Selon BFM Business, les indemnités en cas de licenciement abusif au Royaume-Uni ne seront plus plafonnées à 120 000 livres sterling à partir du 1er janvier 2027. Cette réforme fait partie d'un projet de loi visant à renforcer la protection des droits des salariés. Actuellement, le plafond est fixé au montant le plus faible entre le salaire annuel du salarié et 123 543 livres sterling. Cependant, à partir de janvier 2027, il n'y aura plus de maximum, et les salariés pourront être éligibles aux indemnités à partir de 6 mois d'ancienneté en cas de licenciement abusif, contre deux ans actuellement.

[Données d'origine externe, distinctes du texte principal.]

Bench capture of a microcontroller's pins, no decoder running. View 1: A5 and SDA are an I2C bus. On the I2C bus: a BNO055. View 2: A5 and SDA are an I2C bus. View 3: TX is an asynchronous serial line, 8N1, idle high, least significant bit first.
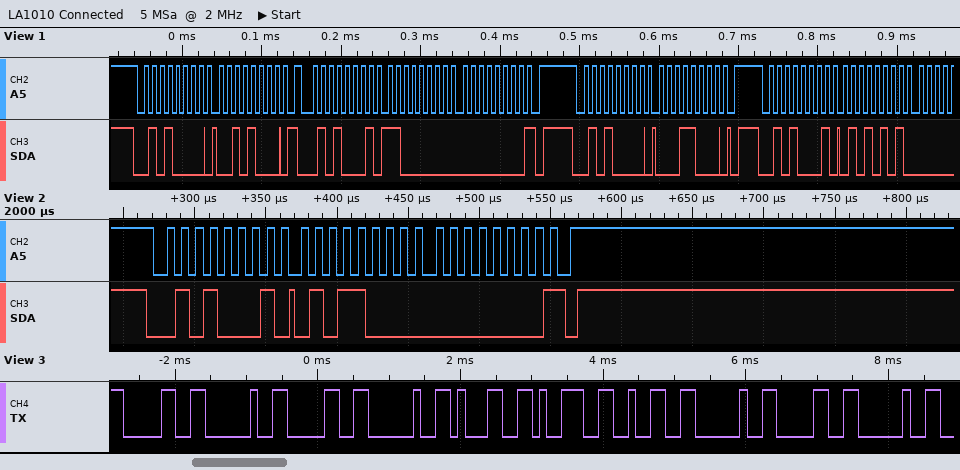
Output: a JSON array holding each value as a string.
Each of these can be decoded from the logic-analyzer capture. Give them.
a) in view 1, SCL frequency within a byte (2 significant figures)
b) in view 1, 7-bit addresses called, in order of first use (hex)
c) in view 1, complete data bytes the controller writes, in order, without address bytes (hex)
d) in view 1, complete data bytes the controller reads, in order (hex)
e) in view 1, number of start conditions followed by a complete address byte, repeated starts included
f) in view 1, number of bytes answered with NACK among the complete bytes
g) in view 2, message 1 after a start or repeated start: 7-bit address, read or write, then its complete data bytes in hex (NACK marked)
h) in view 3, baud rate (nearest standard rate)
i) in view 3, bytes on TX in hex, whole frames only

["100 kHz", "0x28", "28 18", "C0 00 55", "4", "1", "0x28 read: 58 00 NACK", "9600 baud", "30 20 30 20 31 39 32 20 30 20"]
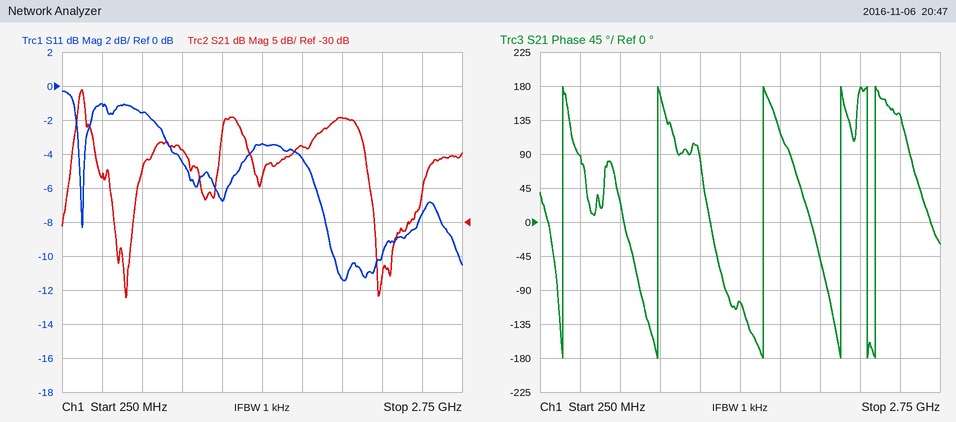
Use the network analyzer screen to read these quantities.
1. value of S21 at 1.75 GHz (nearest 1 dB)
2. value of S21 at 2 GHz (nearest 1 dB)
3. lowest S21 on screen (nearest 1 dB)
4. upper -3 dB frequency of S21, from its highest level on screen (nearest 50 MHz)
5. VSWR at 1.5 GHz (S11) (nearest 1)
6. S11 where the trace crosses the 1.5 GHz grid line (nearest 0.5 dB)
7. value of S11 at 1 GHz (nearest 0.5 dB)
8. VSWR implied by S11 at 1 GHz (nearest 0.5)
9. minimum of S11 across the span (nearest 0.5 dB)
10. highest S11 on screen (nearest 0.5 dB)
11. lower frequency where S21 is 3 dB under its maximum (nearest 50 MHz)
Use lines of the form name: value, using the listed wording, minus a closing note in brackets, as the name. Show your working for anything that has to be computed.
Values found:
value of S21 at 1.75 GHz: -19 dB
value of S21 at 2 GHz: -15 dB
lowest S21 on screen: -41 dB
upper -3 dB frequency of S21, from its highest level on screen: 400 MHz
VSWR at 1.5 GHz (S11): |Γ| = 10^(-3.5/20) = 0.6683; VSWR = (1 + 0.6683)/(1 − 0.6683) ≈ 5
S11 where the trace crosses the 1.5 GHz grid line: -3.5 dB
value of S11 at 1 GHz: -4.5 dB
VSWR implied by S11 at 1 GHz: |Γ| = 10^(-4.5/20) = 0.5957; VSWR = (1 + 0.5957)/(1 − 0.5957) ≈ 4.0
minimum of S11 across the span: -11.5 dB
highest S11 on screen: -0.5 dB
lower frequency where S21 is 3 dB under its maximum: 350 MHz
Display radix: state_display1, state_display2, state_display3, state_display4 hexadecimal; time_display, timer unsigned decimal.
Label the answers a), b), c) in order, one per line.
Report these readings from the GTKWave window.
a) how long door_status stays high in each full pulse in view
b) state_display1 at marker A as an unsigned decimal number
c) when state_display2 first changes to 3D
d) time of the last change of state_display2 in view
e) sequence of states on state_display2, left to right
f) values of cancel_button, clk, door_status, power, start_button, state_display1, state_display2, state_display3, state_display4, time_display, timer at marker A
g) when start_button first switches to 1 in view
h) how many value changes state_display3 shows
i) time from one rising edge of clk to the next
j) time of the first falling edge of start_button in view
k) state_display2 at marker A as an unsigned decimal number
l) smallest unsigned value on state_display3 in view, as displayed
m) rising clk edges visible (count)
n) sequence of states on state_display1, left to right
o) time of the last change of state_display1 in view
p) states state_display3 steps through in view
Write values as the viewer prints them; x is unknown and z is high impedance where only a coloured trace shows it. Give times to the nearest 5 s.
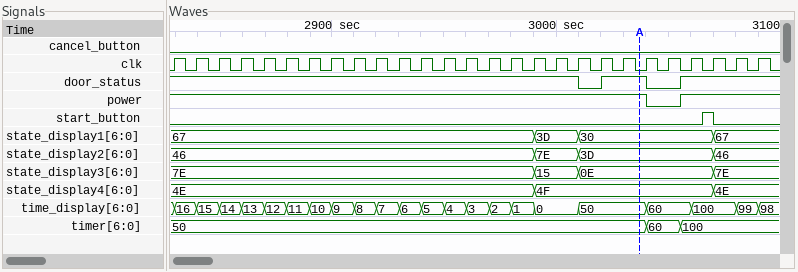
a) 20 s
b) 48
c) 3010 s
d) 3070 s
e) 46, 7E, 3D, 46
f) cancel_button=0, clk=0, door_status=1, power=1, start_button=0, state_display1=30, state_display2=3D, state_display3=0E, state_display4=4F, time_display=50, timer=50
g) 3065 s
h) 3
i) 10 s
j) 3070 s
k) 61
l) 0E
m) 27
n) 67, 3D, 30, 67
o) 3070 s
p) 7E, 15, 0E, 7E
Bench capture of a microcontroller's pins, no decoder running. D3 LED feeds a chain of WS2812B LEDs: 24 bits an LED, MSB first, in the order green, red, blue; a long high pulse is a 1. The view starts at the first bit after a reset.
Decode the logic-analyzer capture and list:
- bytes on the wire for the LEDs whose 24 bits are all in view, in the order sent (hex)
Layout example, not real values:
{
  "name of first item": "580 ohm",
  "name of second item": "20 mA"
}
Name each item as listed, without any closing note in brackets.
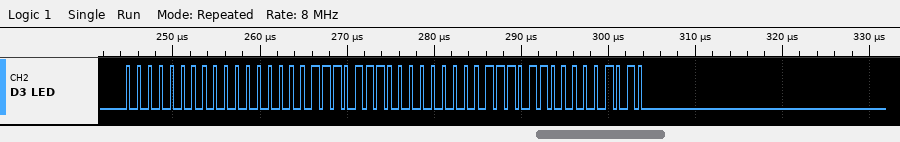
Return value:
{
  "bytes on the wire for the LEDs whose 24 bits are all in view, in the order sent": "00 00 77 00 76 0A"
}
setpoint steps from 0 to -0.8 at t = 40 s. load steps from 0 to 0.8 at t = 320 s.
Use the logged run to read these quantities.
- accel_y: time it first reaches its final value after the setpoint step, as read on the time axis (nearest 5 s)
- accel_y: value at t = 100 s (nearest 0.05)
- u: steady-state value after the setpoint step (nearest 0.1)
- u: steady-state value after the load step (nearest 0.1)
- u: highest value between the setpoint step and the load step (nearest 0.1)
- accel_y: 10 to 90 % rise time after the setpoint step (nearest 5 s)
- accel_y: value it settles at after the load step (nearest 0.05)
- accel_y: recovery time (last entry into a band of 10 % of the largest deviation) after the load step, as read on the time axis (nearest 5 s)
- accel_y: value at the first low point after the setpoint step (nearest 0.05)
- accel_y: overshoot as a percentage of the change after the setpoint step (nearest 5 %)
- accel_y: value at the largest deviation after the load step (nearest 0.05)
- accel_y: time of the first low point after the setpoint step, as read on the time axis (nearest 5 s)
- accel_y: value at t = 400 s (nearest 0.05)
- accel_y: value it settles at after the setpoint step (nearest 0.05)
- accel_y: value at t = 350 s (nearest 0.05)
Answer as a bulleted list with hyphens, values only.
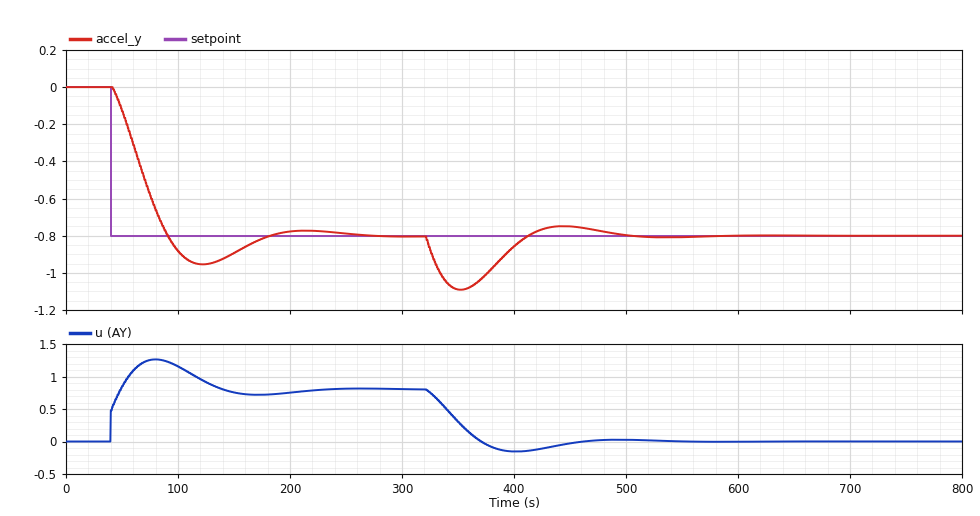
- 90 s
- -0.90
- 0.8
- 0.0
- 1.3
- 35 s
- -0.80
- 475 s
- -0.95
- 20 %
- -1.10
- 120 s
- -0.85
- -0.80
- -1.10
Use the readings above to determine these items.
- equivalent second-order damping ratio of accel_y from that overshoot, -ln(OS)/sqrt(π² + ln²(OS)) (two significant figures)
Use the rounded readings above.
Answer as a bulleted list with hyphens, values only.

- 0.46
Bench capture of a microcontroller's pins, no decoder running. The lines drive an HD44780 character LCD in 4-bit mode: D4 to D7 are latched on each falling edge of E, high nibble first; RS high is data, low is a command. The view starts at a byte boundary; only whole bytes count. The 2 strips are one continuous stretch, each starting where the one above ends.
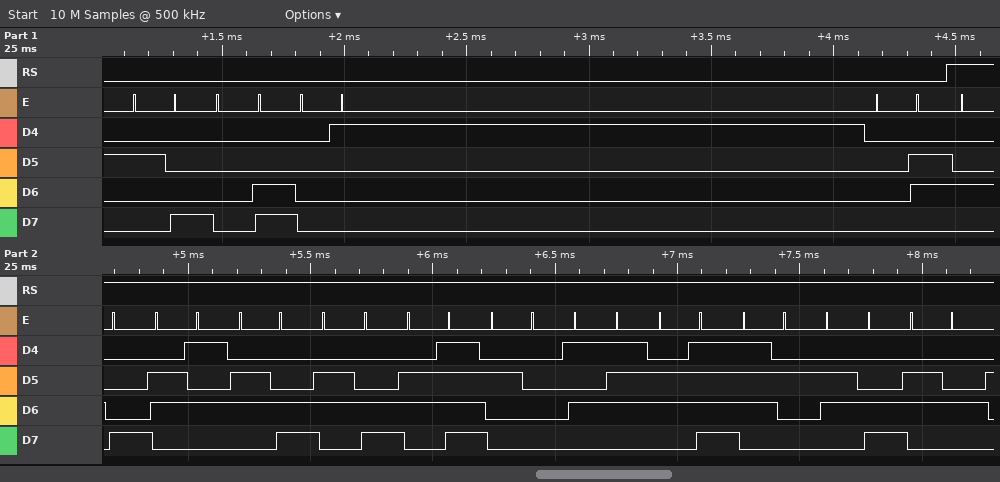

Ce changement législatif prévu incite les entreprises à anticiper et à se séparer le plus vite possible de leurs cadres les moins performants, selon plusieurs avocats interrogés par le Financial Times. « Ils essaient d’éliminer les éléments improductifs au sein des équipes dirigeantes avant que cela ne coûte plus cher », a déclaré Alex Mizzi, directeur juridique de l’équipe droit du travail chez Howard Kennedy.

Ce qu'il faut retenir

  • Les indemnités de licenciement abusif au Royaume-Uni seront déplafonnées à partir du 1er janvier 2027.
  • Les salariés pourront être éligibles aux indemnités à partir de 6 mois d'ancienneté.
  • Les entreprises britanniques préfèrent licencier leurs employés sous-performants avant la date limite pour éviter les indemnités élevées.

Contexte et implications

La réforme vise à améliorer la protection des droits des salariés, mais elle pourrait également avoir des implications significatives pour les entreprises, notamment en termes de coûts. Selon Michael Burd, associé consultant chez Lewis Silkin, le cabinet reçoit « un grand nombre de demandes » de la part d'employeurs des secteurs des services financiers et technologiques sur la manière de se préparer aux changements, notamment en cherchant à accélérer les licenciements des employés sous-performants qui auront l'ancienneté requise avant la fin de l'année.

La logique est la suivante : selon les avocats, auparavant, les employés qui avaient les plus gros salaires n'allaient pas au tribunal car ils savaient que les indemnités étaient plafonnées. Ils privilégiaient d'autres actions juridiques où le plafond ne s'applique pas. Mais tout pourrait désormais changer.

Conséquences pour les entreprises et les salariés

Néanmoins, pour les plus hauts salaires, les départs continuent de se faire généralement à l'amiable, estime Sinead Casey, responsable du recrutement au Royaume-Uni chez Linklaters. Mais ces changements soulèvent désormais la question de ce que devrait être une indemnité de départ raisonnable, a-t-elle ajouté.

Et maintenant ?

Les entreprises britanniques devront s'adapter à cette nouvelle réglementation et trouver des stratégies pour gérer les coûts potentiels liés aux indemnités de licenciement. Il est probable que les entreprises prennent des mesures pour minimiser les risques et les coûts associés aux licenciements, notamment en améliorant leurs processus de gestion des performances et de planification de la relève.

Pour les salariés, cette réforme pourrait offrir une protection accrue en cas de licenciement abusif, mais il est essentiel de rester informé sur les droits et les procédures pour faire valoir ces droits.

En conclusion, la réforme des indemnités de licenciement abusif au Royaume-Uni va avoir des implications significatives pour les entreprises et les salariés. Il est crucial de suivre les développements de cette réforme et de comprendre comment elle affectera les relations de travail et les stratégies d'entreprise.